When the Banff drifter Olive was wrecked on Yarmouth South Beach near the harbour's mouth, her crew of ten was rescued by the breeches buoy rocket brigade. Although the drifter broke up, part of her boiler is possibly still near the site where she ran aground 75 years ago, although it might have been removed to facilitate work on the outer harbour.

There was a sad reminder of a maritime tragedy three decades earlier when astute port enthusiasts noticed that the steamer Birma in the harbour was none other than the renamed F E Webb that in 1903 sliced a small Yarmouth pleasure tripper in two, causing six fatalities.

The New Skylark was cruising in placid water in Yarmouth Roads a mile and a-half out when she was run down by the steamer looming through the heavy haze, and a happy summer's trip was transformed into a deadly nightmare within seconds. The steel bows “tore through her like so much brown paper”, said the Mercury.

Six lives were lost -the crew of three (James Sutton, Arthur Beckett and George Shreeve) and three passengers - but seven of the trippers were rescued. The tug Gleaner salvaged the stricken New Skylark and brought the wreckage into Yarmouth harbour.

A Ministry of Transport inquiry ruled that the Vauxhall Suspension Bridge was unsafe for vehicles of over one ton, and the council decided to replace it at a cost of £6350. A traffic island was built for £250 near Gorleston Parish Church - the first roundabout in the borough.

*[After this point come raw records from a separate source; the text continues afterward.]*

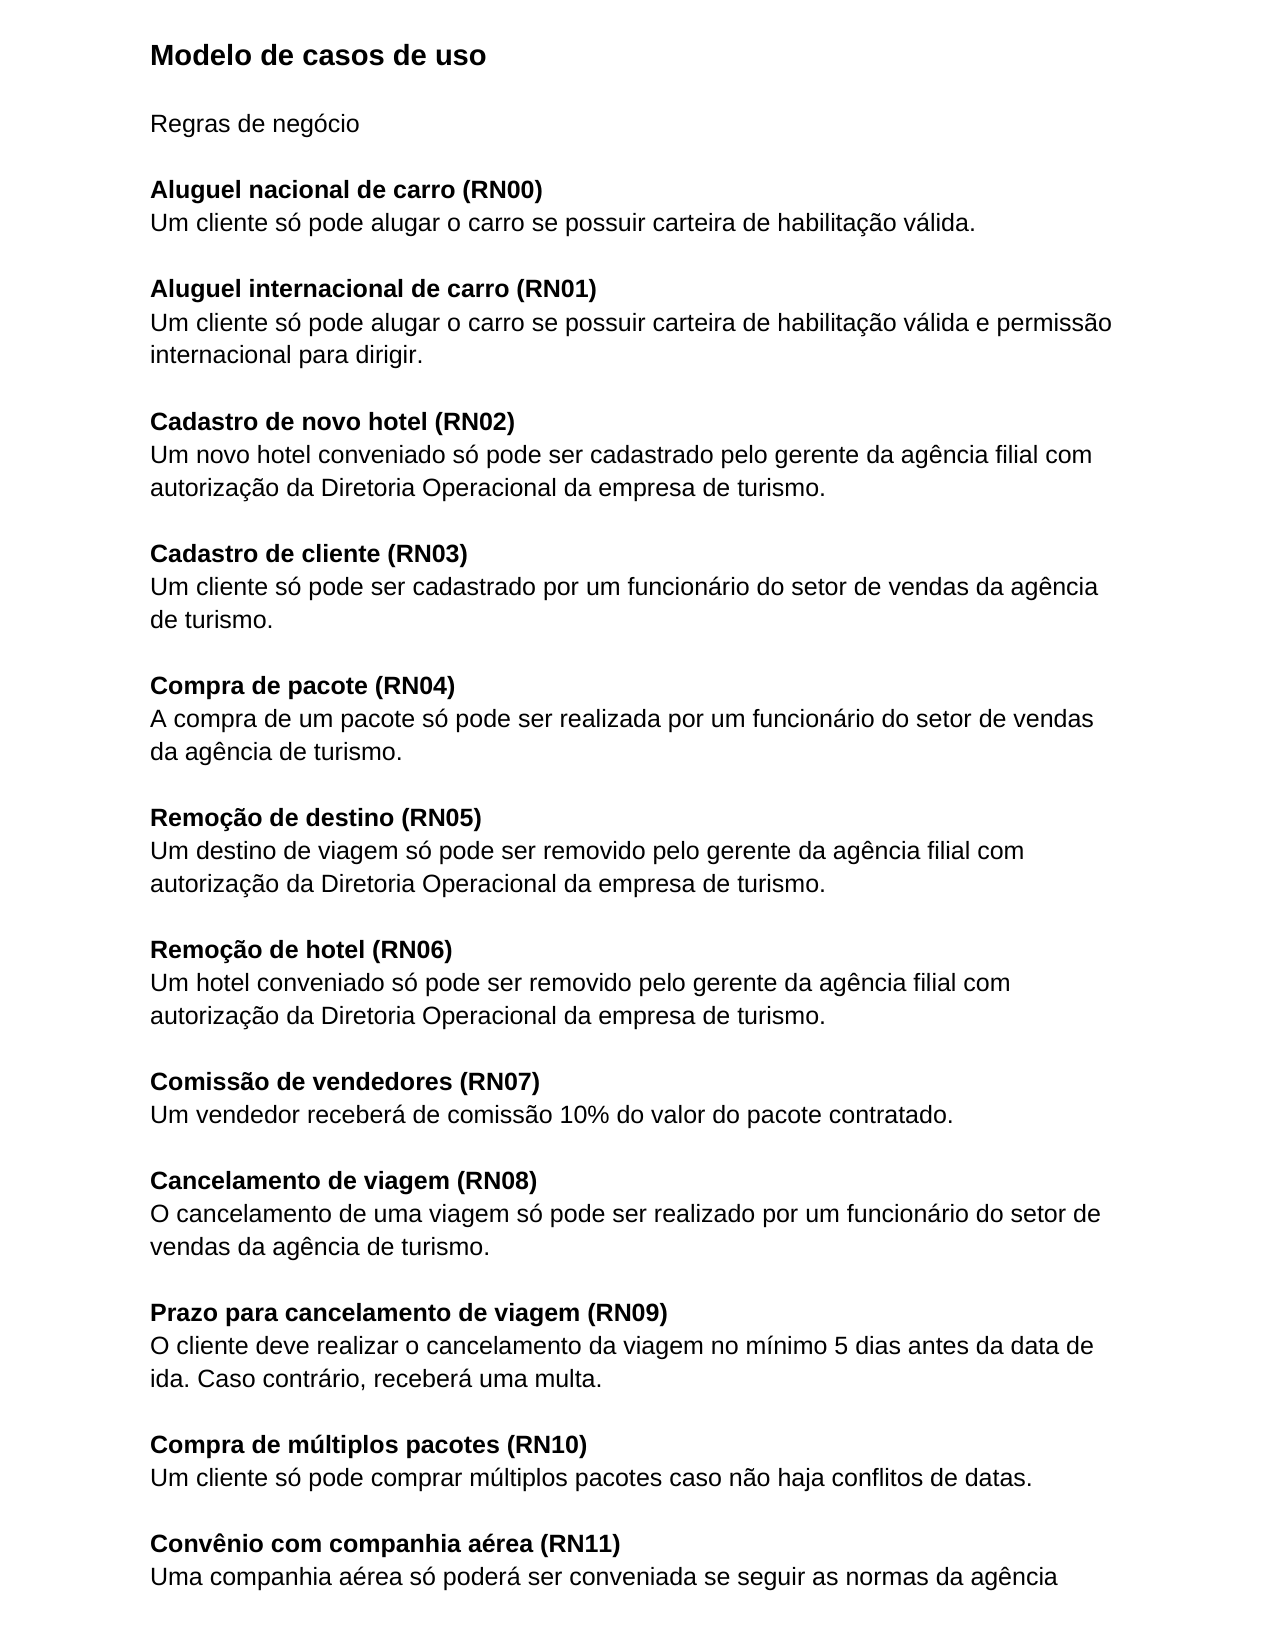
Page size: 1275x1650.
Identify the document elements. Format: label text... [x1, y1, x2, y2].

text Um destino de viagem só pode ser removido pelo gerente da agência filial com autorização da Diretoria Operacional da empresa de turismo. [150, 836, 1125, 898]
text Convênio com companhia aérea (RN11) [150, 1529, 1125, 1558]
text Comissão de vendedores (RN07) [150, 1067, 1125, 1096]
text Um hotel conveniado só pode ser removido pelo gerente da agência filial com autorização da Diretoria Operacional da empresa de turismo. [150, 968, 1125, 1030]
text Compra de múltiplos pacotes (RN10) [150, 1430, 1125, 1459]
text Regras de negócio [150, 109, 1125, 138]
text Uma companhia aérea só poderá ser conveniada se seguir as normas da agência [150, 1562, 1125, 1591]
text Cancelamento de viagem (RN08) [150, 1166, 1125, 1195]
text Um vendedor receberá de comissão 10% do valor do pacote contratado. [150, 1100, 1125, 1129]
text Um novo hotel conveniado só pode ser cadastrado pelo gerente da agência filial com autorização da Diretoria Operacional da empresa de turismo. [150, 439, 1125, 501]
text O cancelamento de uma viagem só pode ser realizado por um funcionário do setor de vendas da agência de turismo. [150, 1199, 1125, 1261]
text Um cliente só pode alugar o carro se possuir carteira de habilitação válida. [150, 208, 1125, 237]
text Aluguel internacional de carro (RN01) [150, 274, 1125, 303]
text Modelo de casos de uso [150, 38, 1125, 71]
text Um cliente só pode comprar múltiplos pacotes caso não haja conflitos de datas. [150, 1463, 1125, 1492]
text A compra de um pacote só pode ser realizada por um funcionário do setor de vendas da agência de turismo. [150, 704, 1125, 766]
text Compra de pacote (RN04) [150, 671, 1125, 699]
text Remoção de hotel (RN06) [150, 935, 1125, 964]
text Aluguel nacional de carro (RN00) [150, 175, 1125, 204]
text Cadastro de novo hotel (RN02) [150, 407, 1125, 435]
text Um cliente só pode ser cadastrado por um funcionário do setor de vendas da agência de turismo. [150, 572, 1125, 633]
text Cadastro de cliente (RN03) [150, 539, 1125, 567]
text Remoção de destino (RN05) [150, 803, 1125, 832]
text O cliente deve realizar o cancelamento da viagem no mínimo 5 dias antes da data de ida. Caso contrário, receberá uma multa. [150, 1331, 1125, 1393]
text Um cliente só pode alugar o carro se possuir carteira de habilitação válida e permissão internacional para dirigir. [150, 307, 1125, 369]
text Prazo para cancelamento de viagem (RN09) [150, 1298, 1125, 1327]

Gorleston postman Arthur Halfnight, 60, retired after 43 years' service and reckoned that on his rounds he had tramped a total of 276,000 miles equivalent to 11 times round the world.

For the subscribers who signed up to have the new Radio Relay service in their homes, the days of oscillating signals and poor reception were over…for 1s 6d (7½p) a week. The Yarmouth innovation was formally inaugurated at the company's offices on Hall Quay.

Failing sight caused the retirement of Charles Burgess, the Port and Haven Commissioners' pile-driver and diver, after long service without a single accident. For 55 years he drove piles, and for 35 years was also diving, being the chief man at both specialities when he had to give up work.